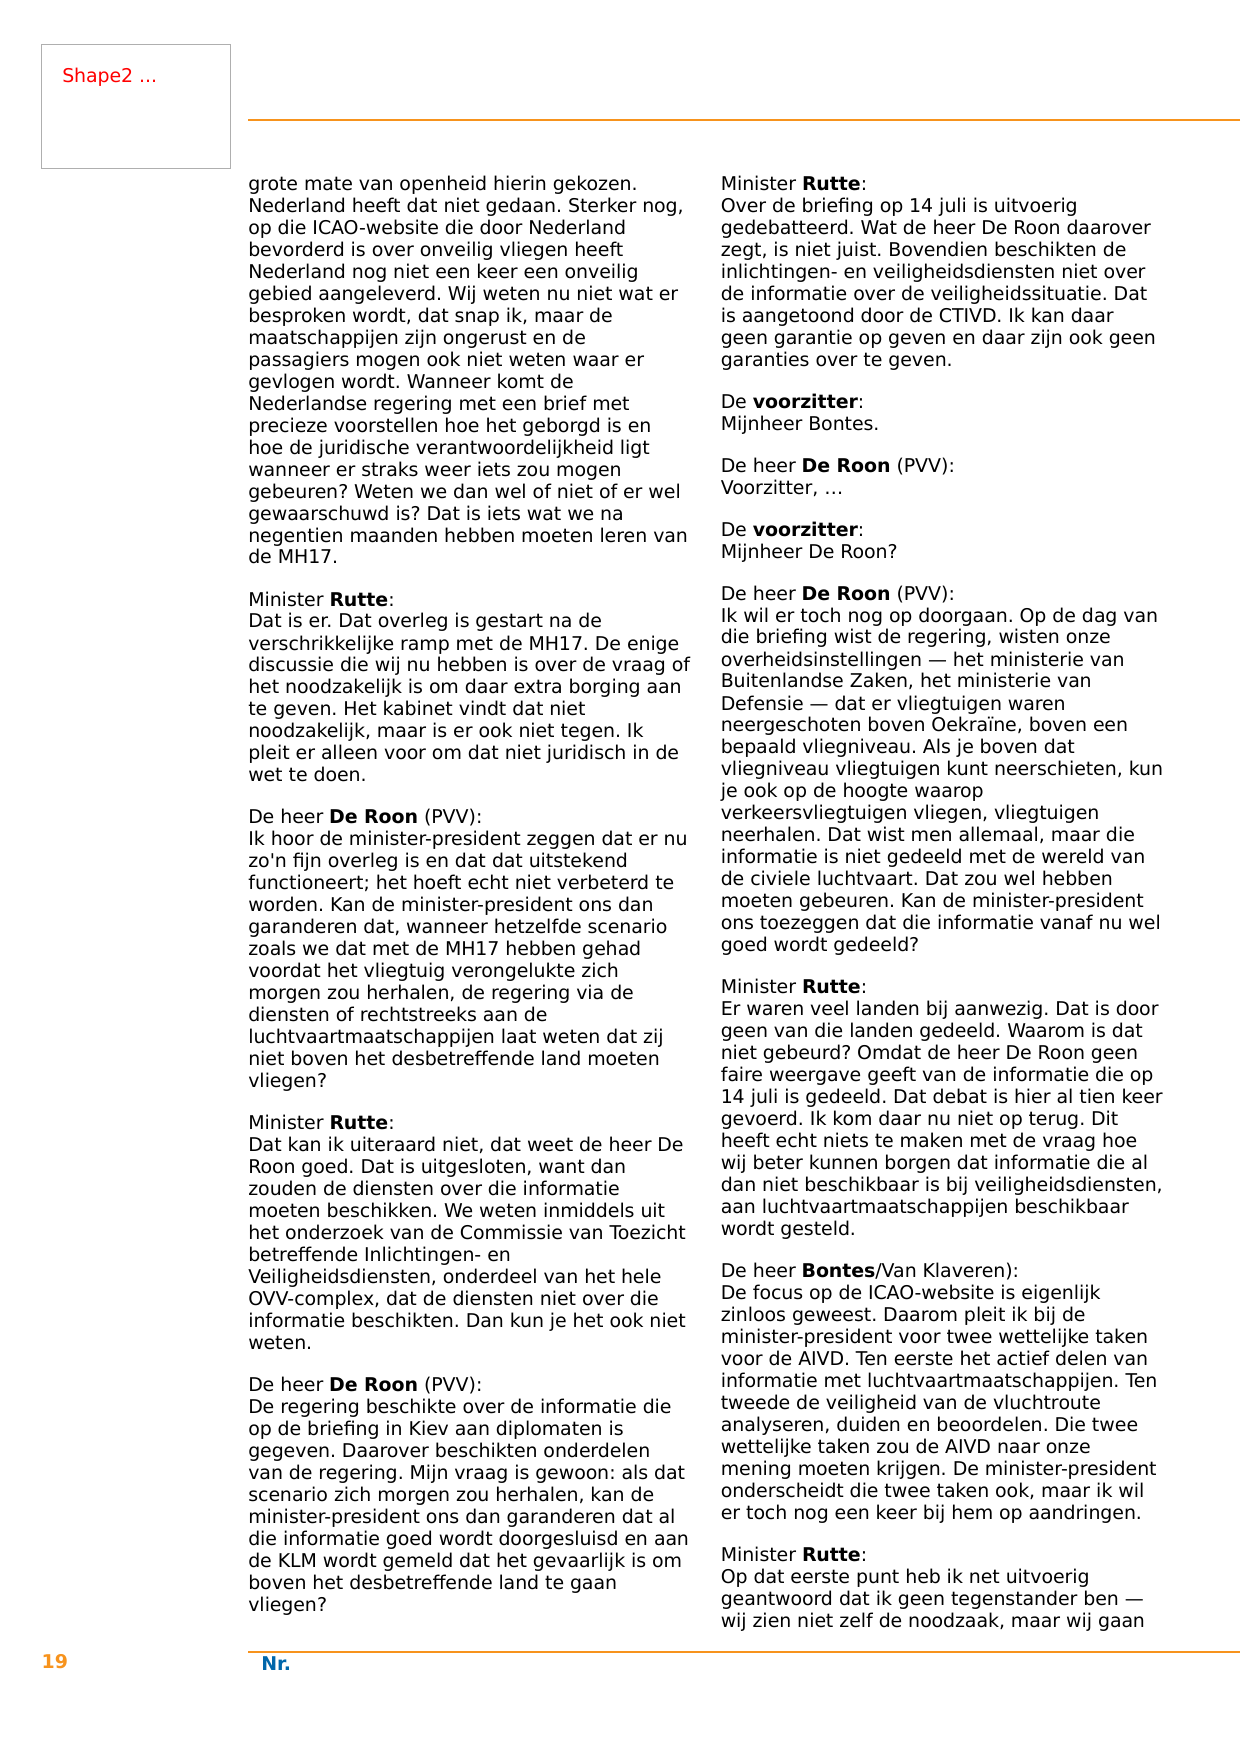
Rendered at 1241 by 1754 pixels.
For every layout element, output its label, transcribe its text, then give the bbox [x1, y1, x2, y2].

text De heer De Roon (PVV): [248, 806, 691, 828]
text Mijnheer Bontes. [721, 413, 1163, 434]
text De regering beschikte over de informatie die op de briefing in Kiev aan diplomaten is gegeven. Daarover beschikten onderdelen van de regering. Mijn vraag is gewoon: als dat scenario zich morgen zou herhalen, kan de minister-president ons dan garanderen dat al die informatie goed wordt doorgesluisd en aan de KLM wordt gemeld dat het gevaarlijk is om boven het desbetreffende land te gaan vliegen? [248, 1396, 691, 1616]
text De heer De Roon (PVV): [721, 454, 1163, 477]
text De heer Bontes/Van Klaveren): [721, 1260, 1163, 1282]
text Voorzitter, … [721, 477, 1163, 498]
text Mijnheer De Roon? [721, 541, 1163, 562]
text De voorzitter: [721, 518, 1163, 541]
text De heer De Roon (PVV): [721, 582, 1163, 604]
text Minister Rutte: [721, 1544, 1163, 1566]
text Dat is er. Dat overleg is gestart na de verschrikkelijke ramp met de MH17. De enige discussie die wij nu hebben is over de vraag of het noodzakelijk is om daar extra borging aan te geven. Het kabinet vindt dat niet noodzakelijk, maar is er ook niet tegen. Ik pleit er alleen voor om dat niet juridisch in de wet te doen. [248, 610, 691, 786]
text Minister Rutte: [721, 173, 1163, 195]
text Minister Rutte: [248, 1112, 691, 1134]
text Over de briefing op 14 juli is uitvoerig gedebatteerd. Wat de heer De Roon daarover zegt, is niet juist. Bovendien beschikten de inlichtingen- en veiligheidsdiensten niet over de informatie over de veiligheidssituatie. Dat is aangetoond door de CTIVD. Ik kan daar geen garantie op geven en daar zijn ook geen garanties over te geven. [721, 195, 1163, 371]
text De heer De Roon (PVV): [248, 1374, 691, 1396]
text grote mate van openheid hierin gekozen. Nederland heeft dat niet gedaan. Sterker nog, op die ICAO-website die door Nederland bevorderd is over onveilig vliegen heeft Nederland nog niet een keer een onveilig gebied aangeleverd. Wij weten nu niet wat er besproken wordt, dat snap ik, maar de maatschappijen zijn ongerust en de passagiers mogen ook niet weten waar er gevlogen wordt. Wanneer komt de Nederlandse regering met een brief met precieze voorstellen hoe het geborgd is en hoe de juridische verantwoordelijkheid ligt wanneer er straks weer iets zou mogen gebeuren? Weten we dan wel of niet of er wel gewaarschuwd is? Dat is iets wat we na negentien maanden hebben moeten leren van de MH17. [248, 173, 691, 568]
text De focus op de ICAO-website is eigenlijk zinloos geweest. Daarom pleit ik bij de minister-president voor twee wettelijke taken voor de AIVD. Ten eerste het actief delen van informatie met luchtvaartmaatschappijen. Ten tweede de veiligheid van de vluchtroute analyseren, duiden en beoordelen. Die twee wettelijke taken zou de AIVD naar onze mening moeten krijgen. De minister-president onderscheidt die twee taken ook, maar ik wil er toch nog een keer bij hem op aandringen. [721, 1282, 1163, 1524]
text Ik wil er toch nog op doorgaan. Op de dag van die briefing wist de regering, wisten onze overheidsinstellingen — het ministerie van Buitenlandse Zaken, het ministerie van Defensie — dat er vliegtuigen waren neergeschoten boven Oekraïne, boven een bepaald vliegniveau. Als je boven dat vliegniveau vliegtuigen kunt neerschieten, kun je ook op de hoogte waarop verkeersvliegtuigen vliegen, vliegtuigen neerhalen. Dat wist men allemaal, maar die informatie is niet gedeeld met de wereld van de civiele luchtvaart. Dat zou wel hebben moeten gebeuren. Kan de minister-president ons toezeggen dat die informatie vanaf nu wel goed wordt gedeeld? [721, 604, 1163, 956]
text Ik hoor de minister-president zeggen dat er nu zo'n fijn overleg is en dat dat uitstekend functioneert; het hoeft echt niet verbeterd te worden. Kan de minister-president ons dan garanderen dat, wanneer hetzelfde scenario zoals we dat met de MH17 hebben gehad voordat het vliegtuig verongelukte zich morgen zou herhalen, de regering via de diensten of rechtstreeks aan de luchtvaartmaatschappijen laat weten dat zij niet boven het desbetreffende land moeten vliegen? [248, 828, 691, 1092]
text Dat kan ik uiteraard niet, dat weet de heer De Roon goed. Dat is uitgesloten, want dan zouden de diensten over die informatie moeten beschikken. We weten inmiddels uit het onderzoek van de Commissie van Toezicht betreffende Inlichtingen- en Veiligheidsdiensten, onderdeel van het hele OVV-complex, dat de diensten niet over die informatie beschikten. Dan kun je het ook niet weten. [248, 1134, 691, 1354]
text Minister Rutte: [248, 588, 691, 610]
text Minister Rutte: [721, 976, 1163, 998]
text Er waren veel landen bij aanwezig. Dat is door geen van die landen gedeeld. Waarom is dat niet gebeurd? Omdat de heer De Roon geen faire weergave geeft van de informatie die op 14 juli is gedeeld. Dat debat is hier al tien keer gevoerd. Ik kom daar nu niet op terug. Dit heeft echt niets te maken met de vraag hoe wij beter kunnen borgen dat informatie die al dan niet beschikbaar is bij veiligheidsdiensten, aan luchtvaartmaatschappijen beschikbaar wordt gesteld. [721, 998, 1163, 1240]
text De voorzitter: [721, 391, 1163, 413]
text Op dat eerste punt heb ik net uitvoerig geantwoord dat ik geen tegenstander ben — wij zien niet zelf de noodzaak, maar wij gaan [721, 1566, 1163, 1632]
####
What are the lines above, starting at the one with "text De heer De Roon (PVV): [721, 582, 1163, 604]" and ending at the one with "text Minister Rutte: [721, 1544, 1163, 1566]"? Give them again exactly, and only them.

text De heer De Roon (PVV): [721, 582, 1163, 604]
text Minister Rutte: [721, 1544, 1163, 1566]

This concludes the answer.